The Indian capital market is booming like never before. The secondary market is on an upsurge and is reaching new highs every next week. The primary market is also active with lots of initial and follow-on public issues. In such a scenario, investors have to be more specific in their choice of investment. We saw the instances of circular trading and the issues of penny stocks in the secondary market a few months ago. The regulatory body, the Securities and Exchange Board of India (Sebi), unearthed this issue and made the retail investor cautious and more vigilant in picking up the right stocks. Once again, Sebi has done well to detect the violation of regulations in the primary market relating to demat accounts and public offerings. This throws some light on the functioning of banks, depository and registrar. Sebi's stance on this issue will further decide the strength of Indian capital market. This issue of multiple demat accounts has definitely created panic among investors, but it has also prompted them to make cautionary moves in the forthcoming public offers.
From 2004-05, the primary market has witnessed increased activity by Foreign Institutional Investors (FIIs) and others. The sensex moved up by leaps and bounds. Earlier, the great primary market rally was witnessed during the Harshad Mehta Scam in 1992 and later in 1996 when technology stocks were on the rise. In the year 2005, many public offerings came and most of them are now trading higher than their listing price. They opened with a considerable premium at the time of listing. These huge profits in a very short span of time had lured some investors to explore IPO investments. They started applying for the public offerings with more than one demat account. Some unscrupulous people started taking advantage of this situation by opening a number of benami/fictitious demat accounts with the help of bankers and depository participants. They successfully had hidden their identity till they were exposed.

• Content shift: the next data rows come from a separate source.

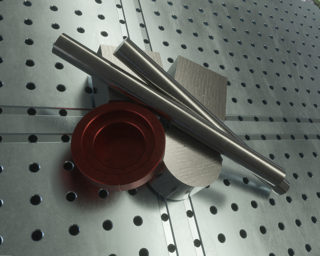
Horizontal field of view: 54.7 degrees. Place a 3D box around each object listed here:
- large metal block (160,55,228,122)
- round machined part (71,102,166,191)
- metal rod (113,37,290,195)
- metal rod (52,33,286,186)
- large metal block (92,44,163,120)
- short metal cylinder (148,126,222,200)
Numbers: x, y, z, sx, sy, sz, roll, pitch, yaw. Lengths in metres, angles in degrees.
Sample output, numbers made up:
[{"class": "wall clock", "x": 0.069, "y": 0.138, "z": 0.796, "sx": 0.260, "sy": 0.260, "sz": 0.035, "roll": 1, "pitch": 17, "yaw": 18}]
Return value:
[{"class": "large metal block", "x": 0.046, "y": -0.044, "z": 0.437, "sx": 0.080, "sy": 0.050, "sz": 0.080, "roll": 22, "pitch": 54, "yaw": -15}, {"class": "round machined part", "x": -0.044, "y": 0.023, "z": 0.341, "sx": 0.099, "sy": 0.042, "sz": 0.098, "roll": 1, "pitch": 61, "yaw": -1}, {"class": "metal rod", "x": 0.066, "y": -0.002, "z": 0.392, "sx": 0.301, "sy": 0.025, "sz": 0.025, "roll": 39, "pitch": 50, "yaw": -21}, {"class": "metal rod", "x": 0.019, "y": -0.015, "z": 0.357, "sx": 0.301, "sy": 0.025, "sz": 0.025, "roll": 31, "pitch": 52, "yaw": -10}, {"class": "large metal block", "x": -0.039, "y": -0.054, "z": 0.396, "sx": 0.081, "sy": 0.050, "sz": 0.080, "roll": 1, "pitch": 61, "yaw": -28}, {"class": "short metal cylinder", "x": 0.027, "y": 0.041, "z": 0.376, "sx": 0.081, "sy": 0.050, "sz": 0.080, "roll": 14, "pitch": 56, "yaw": -21}]

Various reasons can be sited for resorting to multiple demat accounts. Firstly, using more than one demat account for application in a retail investor category of a public offer will significantly swell up the possibility of getting the allotment. Secondly, banks cannot lend more than Rs. 10 lakhs to a single investor for a public issue. This prompts them to open multiple and benami accounts. Thirdly, as per the banking norms and the government guidelines any investment or deposit beyond Rs. 50,000 has to be through a cheque or cash by indicating the Permanent Account Number (PAN). It has also been revealed that the benami account holders created duplicate PAN. And finally, the modus operandi encouraged money laundering.